{Not me} |
{Me} |
After wasting an afternoon playing fatter, wrinkly Barbie doll attempting to find something hip yet age appropriate to wear to the Florence + the Machine concert (then embarrassing myself by posting my options online) I did what women usually do when suffering from a wardrobe crisis: I went shopping. I kicked all the outfits back into the dark recesses of my over-stuffed closet. I bought new dress. It was inexpensive. It was pretty. I didn’t have to pick out accessories. It made me feel good. Perfect.
The Hubby and I slogged through rush hour traffic in the rain and eventually made it to the tourist side of town. As we ran through Universal CityWalk we placated ourselves with dreams of a fabulous show and cold beer. Yes, I said beer. Wine is for home appreciation, good food, the Opera, and upscale bars. Beer is for concerts, NASCAR, and our English Pub.
Once inside the Hard Rock we slithered our way through the crowd to find the perfect best available floor space. I needed a clear view of the stage. I needed to have room to dance. And I needed to have no assholes in my direct vicinity.
Hubby claims I am an asshole magnet at concerts. There is almost always some jerk who feels it is necessary to completely invade my personal space, yell over the music to his asshat buddy or into his phone, spill beer down my back, and accidentally grope me repeatedly. Though I am shy and timid in everyday life, don’t f@ck with me at a concert. I simply will not put up with that sh$t.
Until very recently, I never though much about what I wore to shows. Standard uniform was black tank (velvet, sparkly, or vintage rock band), jeans and big black boots. Beer + big black boots = bravery. Get into my space and I would stomp you like fine grapes in a barrel. If someone dared to get pushy I would bum a cigarette and use it as a prop; a few burns and they would scurry away. Worked every time.
But now I wear heels or occasionally flip flops if it’s raining or an outdoor show. Stomping doesn’t work nearly as well. No one can light anything in doors anymore (which is nice because I hated coming home smelling like an ashtray). And I am with my Hubby who wants to be The Man standing up for his woman, but can’t really get involved. He’d be fired in a heartbeat if he was ever arrested for fighting. So I am on the lookout to avoid assholes and trouble. We stood five feet from security. I felt like such a grown-up.
{not Me, buy MY hair} |
I did get a couple of “nice hair” comments and stares on the way to the bar and bathroom. Florence Welch, the lead chanteuse/siren, has my hair. I’m older, therefore it was mine first. I thank her everyday for making my I’m too lazy to straiten my waves in this humidity hairdo stylish.

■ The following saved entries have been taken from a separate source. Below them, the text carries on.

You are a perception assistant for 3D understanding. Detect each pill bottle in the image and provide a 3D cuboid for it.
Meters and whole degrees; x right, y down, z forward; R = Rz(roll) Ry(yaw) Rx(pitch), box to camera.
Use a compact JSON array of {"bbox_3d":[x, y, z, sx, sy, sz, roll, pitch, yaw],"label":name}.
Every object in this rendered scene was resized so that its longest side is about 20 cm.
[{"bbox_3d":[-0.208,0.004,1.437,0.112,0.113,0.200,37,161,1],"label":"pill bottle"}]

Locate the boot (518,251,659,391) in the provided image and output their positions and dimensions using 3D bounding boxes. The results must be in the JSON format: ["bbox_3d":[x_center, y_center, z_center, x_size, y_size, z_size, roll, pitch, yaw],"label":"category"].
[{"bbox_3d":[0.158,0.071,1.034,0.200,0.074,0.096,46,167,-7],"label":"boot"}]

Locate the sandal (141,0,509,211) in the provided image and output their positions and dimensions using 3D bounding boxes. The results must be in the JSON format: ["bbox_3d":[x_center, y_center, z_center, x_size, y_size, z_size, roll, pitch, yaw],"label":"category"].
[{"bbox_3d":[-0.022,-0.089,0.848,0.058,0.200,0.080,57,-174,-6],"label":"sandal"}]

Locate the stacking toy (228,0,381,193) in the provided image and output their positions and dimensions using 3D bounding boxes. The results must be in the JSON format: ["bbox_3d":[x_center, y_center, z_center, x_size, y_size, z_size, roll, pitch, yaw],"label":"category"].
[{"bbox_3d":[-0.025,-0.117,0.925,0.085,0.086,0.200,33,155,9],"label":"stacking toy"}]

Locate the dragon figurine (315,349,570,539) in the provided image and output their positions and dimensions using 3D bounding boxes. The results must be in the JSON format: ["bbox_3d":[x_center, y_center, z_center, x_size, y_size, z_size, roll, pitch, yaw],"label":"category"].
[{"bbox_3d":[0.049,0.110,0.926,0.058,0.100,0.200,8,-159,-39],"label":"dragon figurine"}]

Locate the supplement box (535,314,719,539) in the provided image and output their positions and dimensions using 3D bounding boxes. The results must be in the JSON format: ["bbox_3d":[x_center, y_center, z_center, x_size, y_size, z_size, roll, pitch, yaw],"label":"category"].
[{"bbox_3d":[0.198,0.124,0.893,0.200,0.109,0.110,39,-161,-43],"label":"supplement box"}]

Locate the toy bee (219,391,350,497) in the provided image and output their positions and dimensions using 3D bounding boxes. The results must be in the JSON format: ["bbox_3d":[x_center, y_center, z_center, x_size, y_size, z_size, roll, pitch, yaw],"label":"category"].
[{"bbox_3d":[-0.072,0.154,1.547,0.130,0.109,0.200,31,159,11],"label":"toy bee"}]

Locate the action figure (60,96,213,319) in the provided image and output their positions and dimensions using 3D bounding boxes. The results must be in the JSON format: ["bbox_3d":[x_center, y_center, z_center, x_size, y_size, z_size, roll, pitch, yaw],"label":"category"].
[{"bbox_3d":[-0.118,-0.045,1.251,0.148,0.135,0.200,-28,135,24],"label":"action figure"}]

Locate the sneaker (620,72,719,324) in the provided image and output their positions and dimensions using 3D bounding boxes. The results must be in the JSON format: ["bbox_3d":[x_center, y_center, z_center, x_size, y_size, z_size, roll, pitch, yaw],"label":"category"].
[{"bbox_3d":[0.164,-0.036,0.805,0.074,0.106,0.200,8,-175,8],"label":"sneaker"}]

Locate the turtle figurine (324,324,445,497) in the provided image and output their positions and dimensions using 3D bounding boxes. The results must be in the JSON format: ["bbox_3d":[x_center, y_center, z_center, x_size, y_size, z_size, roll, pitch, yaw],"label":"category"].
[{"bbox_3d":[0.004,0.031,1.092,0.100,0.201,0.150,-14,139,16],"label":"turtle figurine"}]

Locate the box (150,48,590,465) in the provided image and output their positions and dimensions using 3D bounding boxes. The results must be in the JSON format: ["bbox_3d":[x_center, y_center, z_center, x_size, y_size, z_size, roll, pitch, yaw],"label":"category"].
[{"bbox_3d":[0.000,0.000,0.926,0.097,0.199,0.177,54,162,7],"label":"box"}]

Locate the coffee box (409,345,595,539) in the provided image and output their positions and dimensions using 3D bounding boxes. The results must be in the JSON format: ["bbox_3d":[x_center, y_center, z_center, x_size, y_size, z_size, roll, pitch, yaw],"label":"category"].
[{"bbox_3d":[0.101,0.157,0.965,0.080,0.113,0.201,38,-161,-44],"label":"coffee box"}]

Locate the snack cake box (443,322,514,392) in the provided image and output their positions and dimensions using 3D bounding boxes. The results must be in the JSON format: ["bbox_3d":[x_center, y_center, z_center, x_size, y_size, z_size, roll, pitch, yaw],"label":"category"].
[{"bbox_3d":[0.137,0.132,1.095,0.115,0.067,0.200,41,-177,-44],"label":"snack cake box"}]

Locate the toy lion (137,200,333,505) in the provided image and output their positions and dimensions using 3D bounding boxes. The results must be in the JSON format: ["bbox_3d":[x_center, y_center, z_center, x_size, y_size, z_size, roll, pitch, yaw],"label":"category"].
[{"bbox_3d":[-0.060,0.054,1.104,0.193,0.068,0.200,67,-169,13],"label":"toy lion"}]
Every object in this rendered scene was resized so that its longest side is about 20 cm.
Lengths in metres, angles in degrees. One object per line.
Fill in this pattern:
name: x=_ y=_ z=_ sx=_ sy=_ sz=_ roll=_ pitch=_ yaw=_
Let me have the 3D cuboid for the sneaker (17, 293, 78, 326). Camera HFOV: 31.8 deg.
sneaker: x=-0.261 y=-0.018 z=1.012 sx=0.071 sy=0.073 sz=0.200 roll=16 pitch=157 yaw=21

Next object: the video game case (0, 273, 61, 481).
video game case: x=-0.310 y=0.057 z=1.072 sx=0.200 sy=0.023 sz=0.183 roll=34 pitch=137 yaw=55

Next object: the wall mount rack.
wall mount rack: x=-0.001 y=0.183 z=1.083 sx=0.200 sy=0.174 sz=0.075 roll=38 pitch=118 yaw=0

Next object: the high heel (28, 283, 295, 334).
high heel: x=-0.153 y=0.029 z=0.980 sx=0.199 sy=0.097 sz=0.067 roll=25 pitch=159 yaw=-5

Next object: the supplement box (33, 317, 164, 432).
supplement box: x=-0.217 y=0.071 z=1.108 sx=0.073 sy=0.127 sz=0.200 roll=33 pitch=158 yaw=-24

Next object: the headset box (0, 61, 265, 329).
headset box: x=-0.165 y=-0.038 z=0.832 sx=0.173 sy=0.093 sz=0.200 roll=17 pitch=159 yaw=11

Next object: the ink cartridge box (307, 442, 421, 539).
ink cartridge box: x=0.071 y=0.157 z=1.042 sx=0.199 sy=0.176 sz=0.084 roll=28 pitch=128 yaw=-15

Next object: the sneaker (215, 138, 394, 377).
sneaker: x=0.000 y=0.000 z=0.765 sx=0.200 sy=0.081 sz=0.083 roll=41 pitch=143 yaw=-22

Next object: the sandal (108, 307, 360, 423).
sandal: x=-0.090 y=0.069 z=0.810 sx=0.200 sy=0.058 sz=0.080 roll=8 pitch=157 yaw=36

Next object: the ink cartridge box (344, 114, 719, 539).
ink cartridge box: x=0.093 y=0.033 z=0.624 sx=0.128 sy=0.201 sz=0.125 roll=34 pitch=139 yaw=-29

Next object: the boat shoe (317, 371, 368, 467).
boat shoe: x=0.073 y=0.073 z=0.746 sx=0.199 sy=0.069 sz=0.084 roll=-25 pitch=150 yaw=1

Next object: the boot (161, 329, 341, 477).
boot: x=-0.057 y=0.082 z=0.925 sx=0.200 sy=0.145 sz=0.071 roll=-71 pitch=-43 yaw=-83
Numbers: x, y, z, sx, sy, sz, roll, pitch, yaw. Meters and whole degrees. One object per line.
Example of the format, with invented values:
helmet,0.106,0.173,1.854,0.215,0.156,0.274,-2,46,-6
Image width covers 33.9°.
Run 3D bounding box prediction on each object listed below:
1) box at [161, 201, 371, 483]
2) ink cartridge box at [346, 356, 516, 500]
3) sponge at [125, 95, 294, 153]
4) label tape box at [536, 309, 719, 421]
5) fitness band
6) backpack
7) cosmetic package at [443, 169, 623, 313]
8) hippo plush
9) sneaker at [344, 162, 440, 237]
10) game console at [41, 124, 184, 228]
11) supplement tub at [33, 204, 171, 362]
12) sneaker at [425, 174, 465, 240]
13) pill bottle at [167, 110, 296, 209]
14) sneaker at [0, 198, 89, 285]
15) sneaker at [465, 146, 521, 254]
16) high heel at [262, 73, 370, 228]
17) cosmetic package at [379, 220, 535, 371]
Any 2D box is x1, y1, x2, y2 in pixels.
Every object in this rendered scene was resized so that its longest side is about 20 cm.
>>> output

The audience for Florence was mixed: emo teens, hipster adults sporting glasses and flannels, and a profusion of women. Many holding hands. Many whom I first thought were flannel-shirted hipster guys (sorry). Hubby surveyed the crowd and informed me point blank, “You are NOT allowed to get in a fight with a dyke tonight.” Nothing against lesbians whatsoever; most of them could have chewed me up and spit me out without blinking a mascara-free eye. Would not have made a fun night.
An Amazon stood in front of us with a child about Kiddo’s size. He was falling asleep at her feet. I don’t mind kids at concerts (we took Kiddo to see Paul McCartney last year) but not when it’s a sold out, standing room only venue. The poor thing was hugging his lovey and fighting to keep his eyes open. I feared he would be mashed into rock show road-kill.

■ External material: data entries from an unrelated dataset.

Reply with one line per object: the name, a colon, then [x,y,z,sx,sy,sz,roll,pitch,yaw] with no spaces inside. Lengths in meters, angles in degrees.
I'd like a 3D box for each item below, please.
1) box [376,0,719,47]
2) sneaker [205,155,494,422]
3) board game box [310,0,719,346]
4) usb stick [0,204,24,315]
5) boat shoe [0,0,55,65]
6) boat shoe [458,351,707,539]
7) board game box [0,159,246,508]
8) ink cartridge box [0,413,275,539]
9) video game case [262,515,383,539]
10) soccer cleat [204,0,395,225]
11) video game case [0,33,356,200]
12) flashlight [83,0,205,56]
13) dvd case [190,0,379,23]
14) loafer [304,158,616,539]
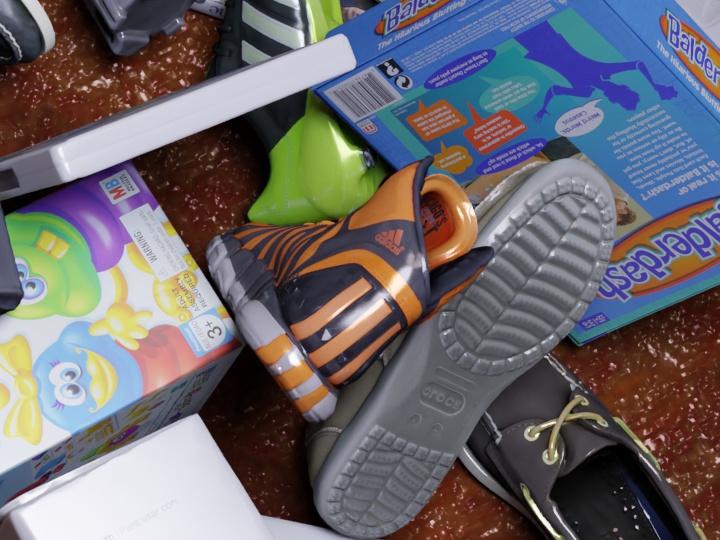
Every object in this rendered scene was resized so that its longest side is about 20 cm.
box: [0.098,-0.137,1.451,0.200,0.060,0.117,41,59,-6]
sneaker: [0.000,0.000,1.285,0.112,0.200,0.078,-37,108,0]
board game box: [0.099,-0.063,1.343,0.200,0.152,0.045,44,40,-28]
usb stick: [-0.185,-0.074,1.230,0.055,0.033,0.201,-4,74,-47]
boat shoe: [-0.236,-0.145,1.355,0.199,0.075,0.066,37,64,0]
boat shoe: [0.104,0.095,1.371,0.072,0.061,0.201,-31,80,-26]
board game box: [-0.169,0.051,1.276,0.200,0.105,0.103,-28,79,-27]
ink cartridge box: [-0.058,0.171,1.058,0.084,0.145,0.200,-28,79,-26]
video game case: [-0.047,0.206,1.297,0.182,0.022,0.201,12,65,-13]
soccer cleat: [-0.042,-0.117,1.398,0.081,0.067,0.201,-17,77,20]
video game case: [-0.104,-0.061,1.294,0.143,0.200,0.018,-24,96,-25]
flashlight: [-0.134,-0.205,1.402,0.068,0.068,0.200,-27,68,-10]
dvd case: [-0.029,-0.180,1.468,0.199,0.018,0.143,18,63,-9]
loafer: [0.036,0.026,1.331,0.075,0.070,0.200,35,97,-36]
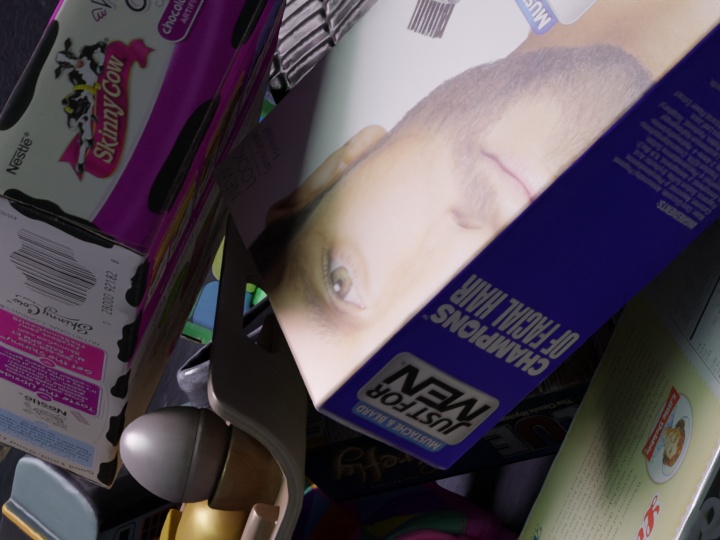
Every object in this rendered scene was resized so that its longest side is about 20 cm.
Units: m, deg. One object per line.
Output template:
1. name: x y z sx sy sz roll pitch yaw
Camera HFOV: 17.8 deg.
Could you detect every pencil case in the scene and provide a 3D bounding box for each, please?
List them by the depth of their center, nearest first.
1. pencil case: 0.014 0.112 0.853 0.200 0.088 0.089 -152 82 -76

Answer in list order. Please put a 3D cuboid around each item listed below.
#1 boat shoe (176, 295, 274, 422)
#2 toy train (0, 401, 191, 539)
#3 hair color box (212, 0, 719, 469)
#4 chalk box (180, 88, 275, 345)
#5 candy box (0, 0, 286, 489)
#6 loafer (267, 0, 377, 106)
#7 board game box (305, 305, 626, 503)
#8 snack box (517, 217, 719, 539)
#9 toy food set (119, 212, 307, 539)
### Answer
1. boat shoe: 0.000 0.000 0.945 0.200 0.068 0.072 -45 14 -29
2. toy train: -0.092 0.118 1.104 0.085 0.199 0.115 36 126 31
3. hair color box: 0.055 -0.051 0.668 0.200 0.065 0.110 -46 44 20
4. chalk box: -0.037 -0.030 1.118 0.200 0.123 0.125 -82 14 -69
5. candy box: -0.079 -0.028 0.766 0.200 0.061 0.137 108 -176 -63
6. loafer: 0.020 -0.051 0.805 0.073 0.071 0.201 -38 45 24
7. board game box: 0.051 -0.020 0.837 0.135 0.035 0.201 -16 46 31
8. snack box: 0.097 0.056 0.681 0.116 0.037 0.201 -110 41 -70
9. toy food set: -0.069 0.093 0.813 0.144 0.060 0.201 -91 21 -62
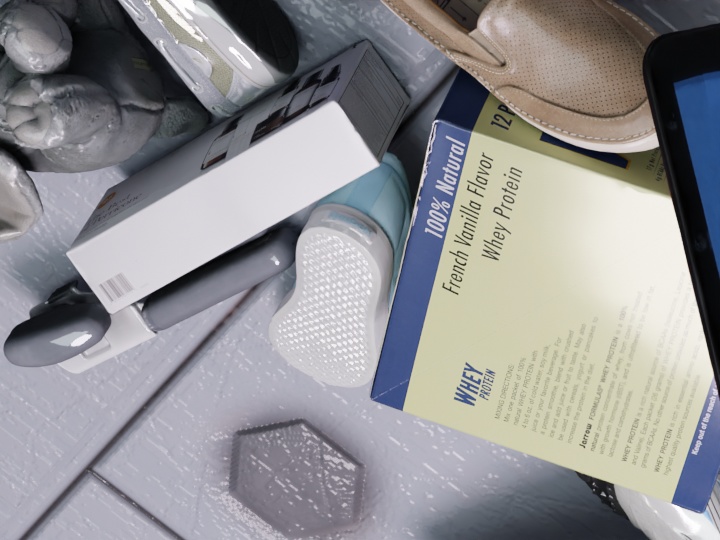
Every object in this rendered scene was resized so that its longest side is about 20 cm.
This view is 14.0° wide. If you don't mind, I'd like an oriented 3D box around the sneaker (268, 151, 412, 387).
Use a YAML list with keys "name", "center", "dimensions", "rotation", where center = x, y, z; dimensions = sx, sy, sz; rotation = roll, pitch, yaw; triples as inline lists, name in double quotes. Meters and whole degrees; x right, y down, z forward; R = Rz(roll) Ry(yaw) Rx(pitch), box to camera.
- name: "sneaker"
  center: [0.000, 0.000, 1.707]
  dimensions: [0.074, 0.082, 0.200]
  rotation: [30, 152, 4]

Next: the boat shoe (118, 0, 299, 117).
- name: "boat shoe"
  center: [-0.122, -0.168, 1.628]
  dimensions: [0.065, 0.075, 0.202]
  rotation: [-35, 114, 30]

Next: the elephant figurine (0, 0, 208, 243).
- name: "elephant figurine"
  center: [-0.224, -0.089, 1.685]
  dimensions: [0.199, 0.141, 0.156]
  rotation: [-28, 96, 26]

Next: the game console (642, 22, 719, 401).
- name: "game console"
  center: [0.250, -0.034, 1.388]
  dimensions: [0.171, 0.119, 0.201]
  rotation: [-13, 90, 27]

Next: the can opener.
- name: "can opener"
  center: [-0.125, 0.017, 1.767]
  dimensions: [0.199, 0.067, 0.053]
  rotation: [-26, 111, 27]

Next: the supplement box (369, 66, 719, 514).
- name: "supplement box"
  center: [0.131, -0.008, 1.607]
  dimensions: [0.199, 0.135, 0.201]
  rotation: [18, 127, 7]

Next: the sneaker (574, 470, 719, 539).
- name: "sneaker"
  center: [0.185, 0.124, 1.735]
  dimensions: [0.200, 0.072, 0.072]
  rotation: [52, 154, -5]

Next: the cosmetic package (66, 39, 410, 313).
- name: "cosmetic package"
  center: [-0.071, -0.054, 1.670]
  dimensions: [0.199, 0.083, 0.051]
  rotation: [-28, 107, 27]

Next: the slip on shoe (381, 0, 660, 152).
- name: "slip on shoe"
  center: [0.081, -0.129, 1.500]
  dimensions: [0.200, 0.061, 0.076]
  rotation: [38, 88, 22]

As the floor filled around us, a perky, pig-tailed and bejeweled 40-something bumped into me. When I whipped around she hugged me and shoved her ten-year-old between us, raving about how he just looovveed Florence + the Machine.
Our one night out and we were surrounded by kids. Not funny, Karma.
Once the the band took the stage everything around us was forgotten. Florence Welch enchanted the crowds with her powerful pipes, haunting lyrics, and sheer Gucci-goes-goth get-up (see hot pants). Her gauzy costume floated across the stage as she whirled and danced like an ethereal pagan goddess while belting out tunes such as The Dog Days Are Over, Rabbit Heart (Raise it Up), and Howl. The band was tight; her vocals pounded through the venue and mesmerized the awe-struck audience.
Florence + the Machine is one of the few bands who truly sound great live. Florence proved how the award-winning debut album Lungs earned its title: she has one hell of a set of them. Beautiful. Ethereal. Utterly fabulous.
Hubby left with a huge crush on Florence Welch. Which I suppose I can deal with; when we looked up the YouTube videos of the show Kiddo raved how she looks just like me. Well, maybe if I was ten years younger, taller, thinner, had legs up to my armpits, and could carry a tune anywhere besides the shower. It’s nice to dream…
If you haven’t listened to them, give them a try.